One needs only to read a few pages of Burton’s translation to see the parasitical relationship of the author to the host text. Like Kinbote, Burton tries to control the reader's response through insistent reminders of his views at the foot of nearly every page.

 Nabokov refers to Burton’s translation of Ben Sirine’s The perfumed Garden in Ada and Lolita. However, Kinbote’s similarity with Burton makes one suspect Nabokov might have been familiar with Burton’s Nights.  It’s good to ask Nabokov scholars if there is any evidence that shows he has ever read Burton’s Nights.

Gholamreza Shafiee

 

--- On Fri, 8/27/10, Stephen Blackwell <sblackwe@UTK.EDU> wrote:


From: Stephen Blackwell <sblackwe@UTK.EDU>
Subject: [NABOKV-L] PF and Burton and stars
To: NABOKV-L@LISTSERV.UCSB.EDU
Date: Friday, August 27, 2010, 9:55 PM

It has been one of the list's most enervating days, I think, and I'm full of admiration, gratitude, and more than a little envy towards those who've produced the day's discoveries (especially those heavy, star-produced elements in the scissors!).  I'm particularly intrigued that Richard Burton's translations have come up, since I offered his translation of Catullus as one possible source of the phrase "light of my life" in the latest Nabokovian--although I preferred Philip Sidney's Astrophil and Stella in the end.  But even there--it's the "star" theme, and one remembers "the star, the star" from The Gift, Starover Blue in PF, "Gray Star" and "Stella Fantasia," in Lolita, exploding stars in "Father's Butterflies", and--what else?  I'm sure there's much more, but these are the ones that come immediately to mind. 
Stephen Blackwell

Gholamreza Shafiee:Another possible model for Kinbote is Richard Burton, the famous translator of 1001 Nights, whose kinky and highly personal notes VN might have read while working on his Eugene Onegin translation/annotation.  This is of course not my find.

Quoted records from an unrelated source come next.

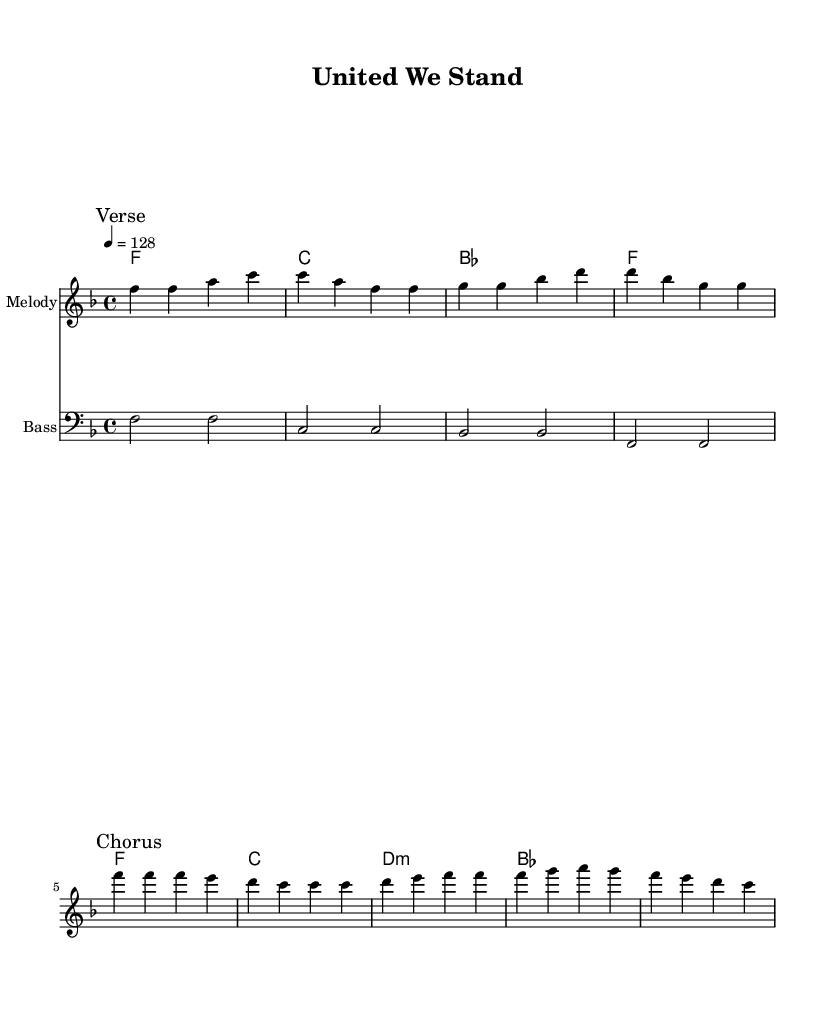What is the key signature of this music? The key signature indicates that the music is in F major, which has one flat (B flat). This can be determined by checking for the key symbols or the overall context usually indicated at the beginning of the staff.
Answer: F major What is the time signature of this piece? The time signature is 4/4, which means there are four beats in a measure and a quarter note receives one beat. This is typically noted at the beginning of the staff.
Answer: 4/4 What is the tempo marking for the music? The tempo marking indicates that the music should be played at a speed of 128 beats per minute, which gives it an upbeat feel suitable for dance music. This is noted in the tempo indication part of the score.
Answer: 128 What is the first note of the melody? The first note of the melody is F. This can be identified by looking at the first note in the melody staff in the sheet music.
Answer: F How many bars are there in the chorus section? The chorus section contains 4 bars, as indicated by the measures in the score. Counting the measure lines specifically marked as "Chorus" gives the total.
Answer: 4 What type of chords are used in the harmonies? The chords used include major and a minor chord (d minor), which is characteristic of upbeat electronic dance music. Identifying the chord symbols in the harmony staff reveals their types.
Answer: Major and minor 
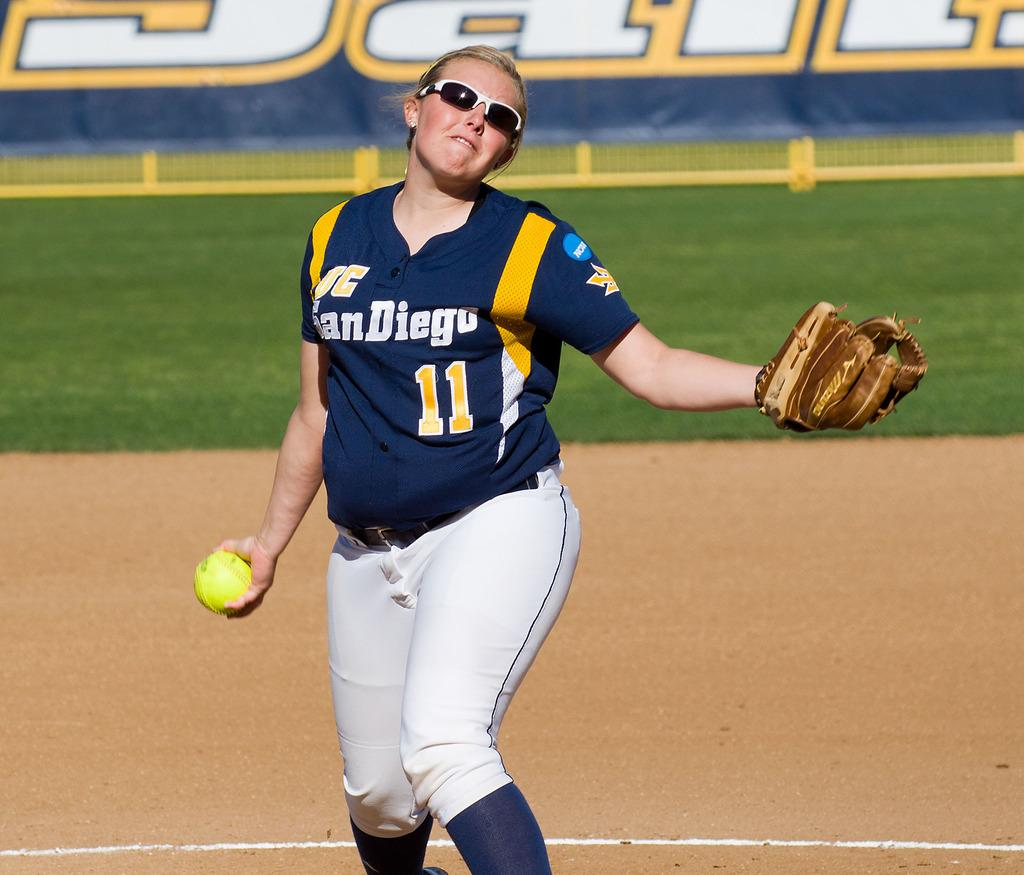<image>
Give a short and clear explanation of the subsequent image. a player with the words san diego on their jersey

It is Robert Irwin’s view in The Companion to Arabian Nights.

JM: Richard Burton is mentioned in “Ada” at least twice ( and “The Perfumed Garden”), so it is highly probable that VN was acquainted with the bulk of his translations. Nevertheless, I don’t see Kinbote as being modeled after Burton, perhaps a little of Sheherazade?  Nabokov once denied being familiar with John Barth, so I don’t think thered be any link with Barth’s works and “Chimera” comes later, anyway (1971?)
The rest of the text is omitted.